Dengan karakter yang demikian, tokoh Akta diceritakan pernah mengemukakan ketidaksetujuannya terhadap seks bebas dan upaya beberapa LSM yang mengampanyekan kondom untuk seks (bebas) aman. Akta diutus oleh pihak sekolah untuk menghadiri Seminar Fenomena Pacaran dan Seks Bebas di Kalangan Remaja. Dalam seminar itu, Akta mendengar kalimat “Sebaiknya jangan melakukan ‘itu’ sebelum nikah. Namun, jika terpaksa…do it savely!” Akta langsung bereaksi. Ia melakukan interupsi namun tidak diperkenankan. Akhirnya ia berhasil mengemukakan pendapatnya ketika sesi tanya jawab.
“Mohon adakan pelatihan tentang seks untuk remaja secara benar. Kalau banyak yang melakukan seks di luar nikah, memangnya apa sih baiknya buat negeri ini? Biar makin banyak anak di luar nikah atau banyak aborsi? Oke, mungkin kita bisa selamat dari AIDS dan kehamilan, tapi tak mungkin selamat dari murka Allah dalam azab neraka jahanam”
Akta kembali ke tempat duduknya. Banyak pasang mata mengikuti dan menatapnya. Setelah hari itu, Akta mendapat banyak sekali teror. Teror berupa kalimat-kalimat tak senonoh dalam surat tak bernama, sms-sms gelap, juga gambar-gambar porno (hlm 104).

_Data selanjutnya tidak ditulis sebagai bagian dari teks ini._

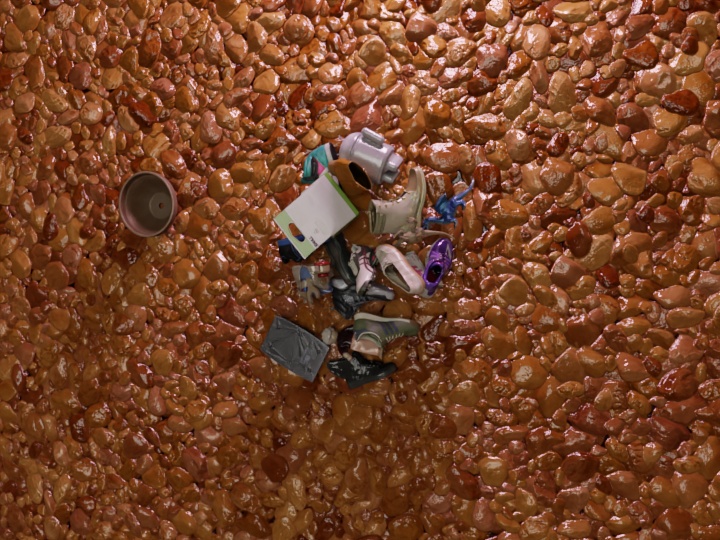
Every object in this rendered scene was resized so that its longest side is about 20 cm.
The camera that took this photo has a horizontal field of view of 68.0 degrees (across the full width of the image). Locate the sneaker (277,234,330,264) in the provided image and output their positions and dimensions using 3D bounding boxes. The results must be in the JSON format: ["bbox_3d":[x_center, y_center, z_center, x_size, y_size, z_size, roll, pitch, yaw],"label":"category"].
[{"bbox_3d":[-0.164,-0.067,1.598,0.197,0.070,0.080,-7,101,35],"label":"sneaker"}]

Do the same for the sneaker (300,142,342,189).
[{"bbox_3d":[-0.115,-0.263,1.581,0.118,0.084,0.204,-13,95,17],"label":"sneaker"}]

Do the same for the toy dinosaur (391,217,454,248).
[{"bbox_3d":[0.159,-0.102,1.496,0.196,0.101,0.059,-16,61,11],"label":"toy dinosaur"}]

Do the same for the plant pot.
[{"bbox_3d":[-0.660,-0.208,1.704,0.196,0.093,0.206,1,92,13],"label":"plant pot"}]

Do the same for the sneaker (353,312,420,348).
[{"bbox_3d":[0.072,0.184,1.541,0.196,0.068,0.091,10,59,-3],"label":"sneaker"}]

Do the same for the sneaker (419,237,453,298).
[{"bbox_3d":[0.219,-0.014,1.482,0.079,0.084,0.202,27,58,-1],"label":"sneaker"}]

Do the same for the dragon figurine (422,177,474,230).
[{"bbox_3d":[0.245,-0.183,1.510,0.098,0.059,0.203,26,105,3],"label":"dragon figurine"}]

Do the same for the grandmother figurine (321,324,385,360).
[{"bbox_3d":[-0.024,0.213,1.591,0.196,0.122,0.061,12,137,13],"label":"grandmother figurine"}]

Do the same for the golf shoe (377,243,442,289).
[{"bbox_3d":[0.151,-0.007,1.540,0.197,0.073,0.094,23,96,11],"label":"golf shoe"}]

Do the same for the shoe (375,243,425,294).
[{"bbox_3d":[0.098,-0.005,1.459,0.200,0.053,0.071,46,139,35],"label":"shoe"}]

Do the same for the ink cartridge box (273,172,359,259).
[{"bbox_3d":[-0.123,-0.151,1.499,0.199,0.076,0.149,-40,90,-2],"label":"ink cartridge box"}]

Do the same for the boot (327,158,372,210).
[{"bbox_3d":[-0.003,-0.230,1.488,0.071,0.143,0.201,-50,122,-8],"label":"boot"}]

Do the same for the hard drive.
[{"bbox_3d":[-0.199,0.238,1.649,0.197,0.042,0.137,29,99,10],"label":"hard drive"}]

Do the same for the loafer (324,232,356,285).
[{"bbox_3d":[-0.064,-0.037,1.577,0.063,0.071,0.203,-36,60,28],"label":"loafer"}]

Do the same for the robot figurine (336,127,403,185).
[{"bbox_3d":[0.021,-0.323,1.530,0.197,0.113,0.172,24,130,11],"label":"robot figurine"}]

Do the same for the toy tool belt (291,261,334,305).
[{"bbox_3d":[-0.127,0.040,1.546,0.122,0.199,0.126,-9,91,-23],"label":"toy tool belt"}]

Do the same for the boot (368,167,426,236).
[{"bbox_3d":[0.102,-0.196,1.508,0.151,0.072,0.205,3,98,-21],"label":"boot"}]

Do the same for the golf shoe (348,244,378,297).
[{"bbox_3d":[0.000,0.000,1.513,0.087,0.201,0.078,23,124,-7],"label":"golf shoe"}]

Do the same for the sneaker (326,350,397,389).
[{"bbox_3d":[0.003,0.285,1.596,0.197,0.060,0.106,-24,91,16],"label":"sneaker"}]

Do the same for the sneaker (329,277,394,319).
[{"bbox_3d":[0.001,0.091,1.582,0.196,0.075,0.116,11,100,15],"label":"sneaker"}]

            Selain reaktif, Akta juga sangat sensitif terhadap penderitaan orang lain di sekitarnya. Salah satunya adalah ketika Akta mengetahui penyakit Bik Sum, si penjaga kantin sekolahnya.
Hari-hari jadi menyedihkan bagi Akta. Disadarinya kantin Bik Sum selama ini tidak hanya memenuhi kebutuhan perut, namun juga batiniahnya. …. Padahal Akta baru saja membeli bunga untuk Bik Sum, baru memecah tabungan logam seribuannya untuk membantu membeli obat. …. (hlm 8).

2. Pelataran
Latar tempat cerita pada umumnya adalah SMA Widya Bangsa (Wibeng), yaitu tempat Akta menimba ilmu sehari-hari. Seperti SMA pada umumnya, SMA Wibeng pun berisi ABG dengan berbagai karakter khas remaja. Hampir tiap bab menggambarkan hal ini.
 Sementara untuk latar yang berkaitan dengan suasana, ADdW berlatar kombinasi. Kadang-kadang suasana sedih, kadang-kadang gembira dan semangat. Tentu saja suasana tersebut tidak lepas dari suasana yang sering dialami para ABG. Jatuh cinta, patah hati, galau dan lain-lain. Suasana sedih misalnya dapat ditemukan pada bab satu, yaitu “Empati untuk Bik Sum”; bab sebelas “Ada Duka di Widya Bangsa”; dan tiga bab terakhir, yaitu “Kala Duka Menyapa”, “Sahabat Sejati” dan “Tataplah Dunia, Ze!” Sementara suasana galau dapat dilihat di bab dua “Ada yang Lagi Jatuh Cinta (Lagi) dan di bab lima, “Bertemu Eks…”.
3. Penyudutpandangan
Adapun sudut pandang cerita ADdW adalah sudut pandang third-person-omniscient atau diaan-mahatahu. Dengan sudut pandang ini, pengarang berada di luar cerita, pengarang hanya menjadi seorang pengamat dan bahkan mampu berdialog dengan pembaca. Salah satu kutipan ini bisa dijadikan contohnya.
Akta tak habis pikir. Setahunya, anak-anak Kelib bahkan menjadikan kuantitas dan kualitas hukuman yang diterima sebagai tolak ukur reputasi. … Akta dapat cerita itu dari Diana. Diana dari Zeus, Zeus dari Dani. Kalau ingin tahu hubungan keempatnya, baca seri-seri Akta sebelum ini, ya. Kan bete tuh kalo diulang-ulang :) (hlm 114).

4. Bahasa
Dilihat dari bahasa, ADdW menggunakan bahasa khas remaja/ABG yang gaul sehingga mudah dicerna oleh remaja. Pengarang sangat piawai menerjemahkan ajaran-ajaran kebaikan dan kebenaran ke dalam bahasa remaja. Hal ini membuat pembaca tidak merasa sedang digurui apalagi diomeli oleh pengarang – suatu hal yang paling dihindari oleh remaja.
Haaa! Sama guru kok manggil mas, yang bener aja!
Meski sudah tahu objeknya, tetap saja kekagetan itu tak bisa Akta sembunyikan dari raut muka yang berubah ekspresi secara tiba-tiba..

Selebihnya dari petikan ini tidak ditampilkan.